图2、为本发明其中一个实施例中,图2A分别为常规组,弹性蛋白原组,HeliosUltraGRO间充质干细胞培养补充剂组以及实验组(即弹性蛋白原和Helios UltraGRO间充质干细胞培养补充剂联合使用组)的脐带华通氏胶贴壁培养14天时的原代细胞克隆染色结果,结果显示实验组的原代细胞克隆数量显著多于其它各组;图2B分别为常规组,弹性蛋白原组,Helios UltraGRO间充质干细胞培养补充剂组以及实验组(即弹性蛋白原和HeliosUltraGRO间充质干细胞培养补充剂联合使用组)的脐带华通氏胶贴壁培养14天时的原代细胞数的统计结果,结果显示实验组的原代细胞数量相对于常规组,弹性蛋白原组和HeliosUltraGRO间充质干细胞培养补充剂组分别提高了62.3%,49.6%和37.2%。
图3、为本发明其中一个实施例中,图3A分别为常规组,弹性蛋白原组,HeliosUltraGRO间充质干细胞培养补充剂组以及实验组(即弹性蛋白原和Helios UltraGRO间充质干细胞培养补充剂联合使用组)的脐带华通氏胶贴壁培养14天时的原代细胞克隆染色结果,结果显示实验组的原代细胞克隆数量显著多于其它各组;图3B分别为常规组,弹性蛋白原组,Helios UltraGRO间充质干细胞培养补充剂组以及实验组(即弹性蛋白原和HeliosUltraGRO间充质干细胞培养补充剂联合使用组)的脐带华通氏胶贴壁培养14天时的原代细胞数的统计结果,结果显示实验组的原代细胞数量相对于常规组,弹性蛋白原组和HeliosUltraGRO间充质干细胞培养补充剂组分别提高了58.6%,43.2%和28.7%。

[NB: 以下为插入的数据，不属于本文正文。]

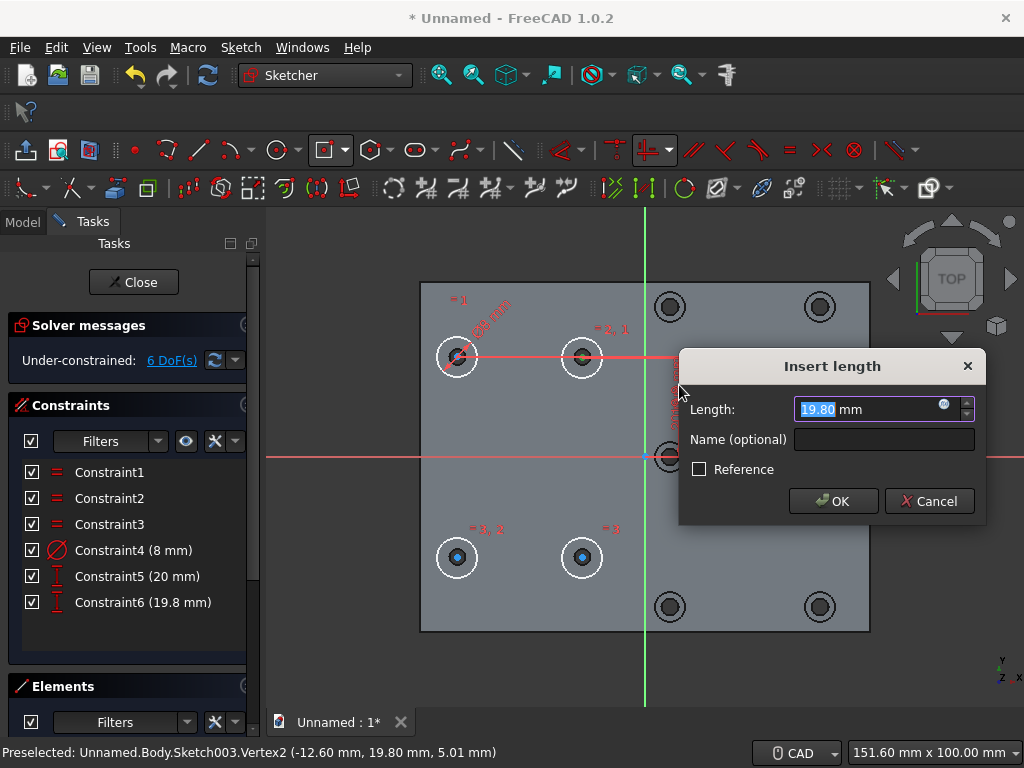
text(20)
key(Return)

图4、为本发明其中一个实施例中,图4A分别为常规组,弹性蛋白原组,HeliosUltraGRO间充质干细胞培养补充剂组以及实验组(即弹性蛋白原和Helios UltraGRO间充质干细胞培养补充剂联合使用组)的脐带华通氏胶贴壁培养14天时的原代细胞克隆染色结果,结果显示实验组的原代细胞克隆数量显著多于其它各组;图4B分别为常规组,弹性蛋白原组,Helios UltraGRO间充质干细胞培养补充剂组以及实验组(即弹性蛋白原和HeliosUltraGRO间充质干细胞培养补充剂联合使用组)的脐带华通氏胶贴壁培养14天时的原代细胞数的统计结果,结果显示实验组的原代细胞数量相对于常规组,弹性蛋白原组和HeliosUltraGRO间充质干细胞培养补充剂组分别提高了56.5%,41.9%和25.4%。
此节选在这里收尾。